Things are slow to start in European trading today but the important detail is that markets actually shrugged off the 7% US inflation print yesterday, keeping with the more positive mood from earlier this week.

So even with a bit of a breather or a light pullback, that is still the prevailing sentiment this week.

Equities are more tepid for now but I reckon if we are to see bids flow through, it will come thick and fast. As for outside risks, China and omicron developments globally are still things to be wary about.

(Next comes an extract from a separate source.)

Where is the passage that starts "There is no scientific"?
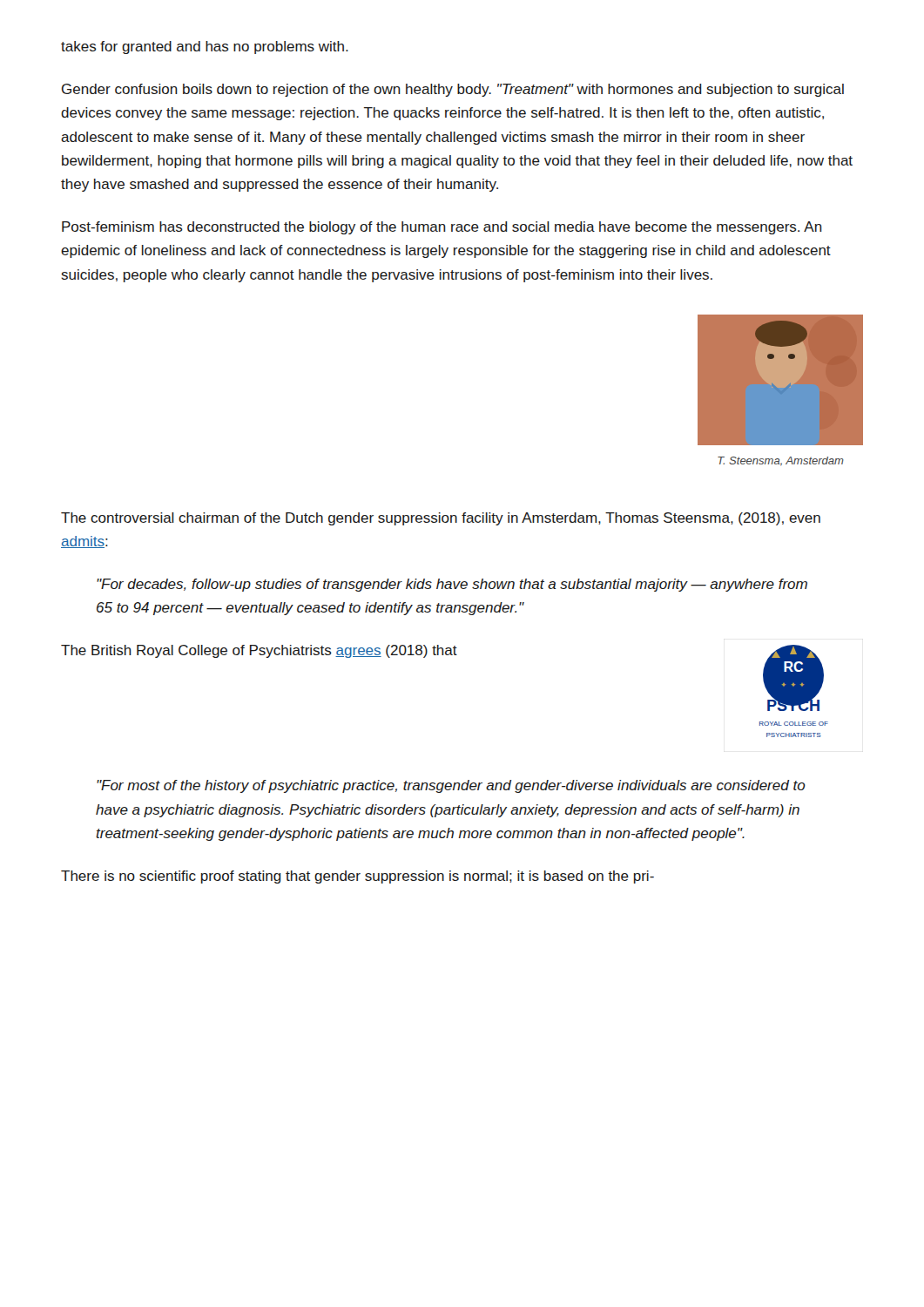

The dollar slump yesterday has opened up some interesting technical levels at least:

  1. EUR/USD finally broke free from its range since mid-November. Price has pushed past 1.1400 and may be looking towards 1.1500 next as the potential target.
  2. USD/JPY dropped as Treasury yields also look a little stretched, with the drop now testing the 50.0 retracement level of the swing higher from December to January @ 114.44.
  3. GBP/USD is continuing to push higher after a break of its 100-day moving average and 1.3600, now nearing its 200-day moving average @ 1.3733. That will be a key resistance point to watch.
  4. USD/CAD is also dragged down to 1.2500 and testing its own 200-day moving average @ 1.2498, with higher oil prices also providing a tailwind for the loonie to contest the key support level.

Meanwhile, oil itself is also continuing to stay more perky in looking for a push back towards $85 next. There might be some room to pause around there after what looks to likely be four consecutive weeks of gains so bear that in mind despite the improving fundamental picture since the omicron news at the end of November.